Intel 11.1 results differ from Intel 10.1

scamicha · ‎06-21-2010

Hello,

I've recently moved a code from Intel 10.1.025 to Intel 11.1.038 and I'm getting different results. I'm assuming that this must be due to different default optimizations. The compiler flags I'm using are

-openmp -O3 -pad -align -fast -shared-intel -r8 -xHost -mcmodel=medium -ipo -convert little_endian

Do any of these do something different in 11.1 vs. 10.1? Also how can I show the OpenMP messages when I compile with 11.1? Thanks!

Ron_Green · ‎06-21-2010

what is included in -fast varies by version. Get rid of it, you have all the other options you need.

With 11.1, you need -openmp-report1 to get the regions successfully parallelized. In 11.1 the default is -openmp-report0 (no information) whereas in 10.1 it was on "1" by default.

If your goal is to get the same numbers on 10.1 as 11.1, try -fp-model precise on both 10.1 and 11.1. Internally, there are a lot of differences in the optimizer between 10.1 and 11.1.

ron

TimP · ‎06-21-2010

No, those options should have the same meaning, except that now you would set
-ooenmp-report1 -vec-report1
to get the same reports which were default in 10.1. Or, you could turn on -opt-report.
There's a slight possibility, since you choose aggressive optimizations, that something comes out different. I normally use -assume protect_parens -prec-div -prec-sqrt to avoid excessively aggressive optimization. Those are included in -fp-model precise, so basically I am saying the same as Ron.
As Ron said, it's probably advisable to avoid redundant options by removing -fast.

scamicha · ‎06-21-2010

I had not been compiling the code using -fp-model precise under 10.1 so I guess it was using the default of fast=1? Using -fp-model precise with 11.1 the code doesn't blow up but the results still differ by ~5% per timestep. Since typical simulations are 1M timesteps this is too large. I'm going to re-run the 10.1 version with -fp-model precise to see if I get the same ~5% difference. Another issue could be that since I'm running on Westmere the 11.1 should be using sse4.2 with -xHost, correct?
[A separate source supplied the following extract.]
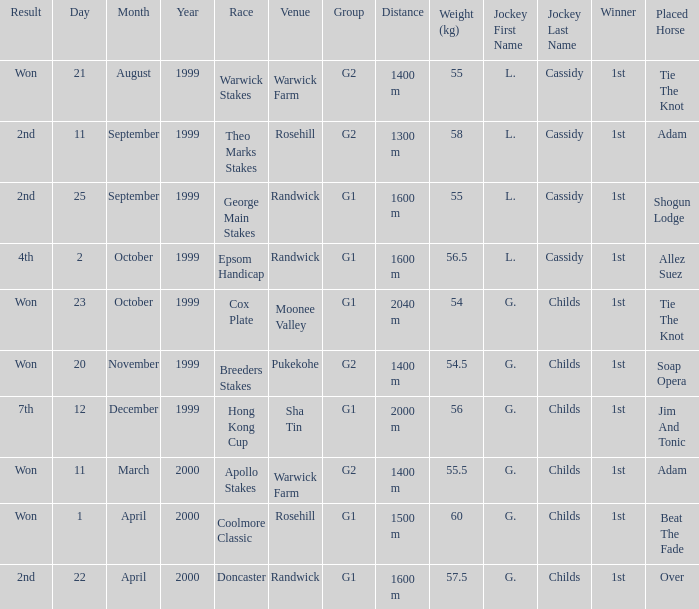How man teams had a total weight of 57.5? 1.0.

While under 10.1 this isn't available. I'm unclear as to the effect this could have though...

TimP · ‎06-21-2010

That's an interesting point, what happens if you set -xHost on a processor which is not known to that version of the compiler. If you were running the ia32 compiler, and defaulted to no SSE code (-mia32 for 11.1), that could explain differences.

Izaak_Beekman · ‎06-21-2010

Keep in mind if the code is parallel data reduction steps can often cause differences from run to run, although 5% seems too high for that. [e.g. floating point addition is not associative: a + (b + c) /= (a + b) + c. So certain nodes or processing elements will finish at different times from run to run depending on system load etc. causing the reduction operations to occur in different orders, and hence the answers to differ.]

scamicha · ‎06-21-2010

I've run this code on several different platforms IA64, EMT64 and several different fabrics and not seen variations of this magnitude. It seems directly linked to whatever the -openmp switch is doing. I tried compiling in serial without the -openmp switch under 11.1 and get the same results as 10.1 with -openmp. When using -openmp and -assume protect_parens -prec-div -prec-sqrt I get the ~5%-10% difference. So what is different between the way the 10.1 compiler parallelizes OpenMP loops and the way 11.1 does?

TimP · ‎06-21-2010

If you do have sum reduction, -fp-model source and the like would stop the compiler from making vector reductions per thread before combining sums under OpenMP reduction. I would think the vector sum reduction would normally improve accuracy. If you have threaded sum reduction (not local to each thread) without declaring it correctly under OpenMP, there's no guarantee of correct results with either compiler.

scamicha · ‎06-21-2010

The loop(s) which cause the dramatic error are in fact reduction loops and the bad variable are the reduction variables. However, adding -fp-model precise or some combination of -prec-div -prec-sqrt and -assume protect_parens fix this and leave the ~5%-10% error. At this point I'm not so much concerned whether I've declared the reduction clauses correctly or not, but rather that the compiler does something different from one version to another. The fact that the 11.1 serial code has the same output (to the 13th decimal place) as the threaded 10.1 code coupled with the fact that extensive test cases with analytical results have been performed with Intel 10.1 leads me to believe that the physically accurate numbers are the 10.1 numbers. It could be that these ~5%-10% differences don't make much of a physical difference overall but that would require a 3 month test run to confirm, and I'd rather avoid that.

scamicha · ‎06-21-2010

I tried compiling with -openmp-link static but recieve relocation errors. I see that the default is dynamic in 11.1 but can't find the option or default in 10.1 does anyone happen to know what it is?

TimP · ‎06-21-2010

10.1 included the choice of dynamic or static OpenMP library under -static-intel.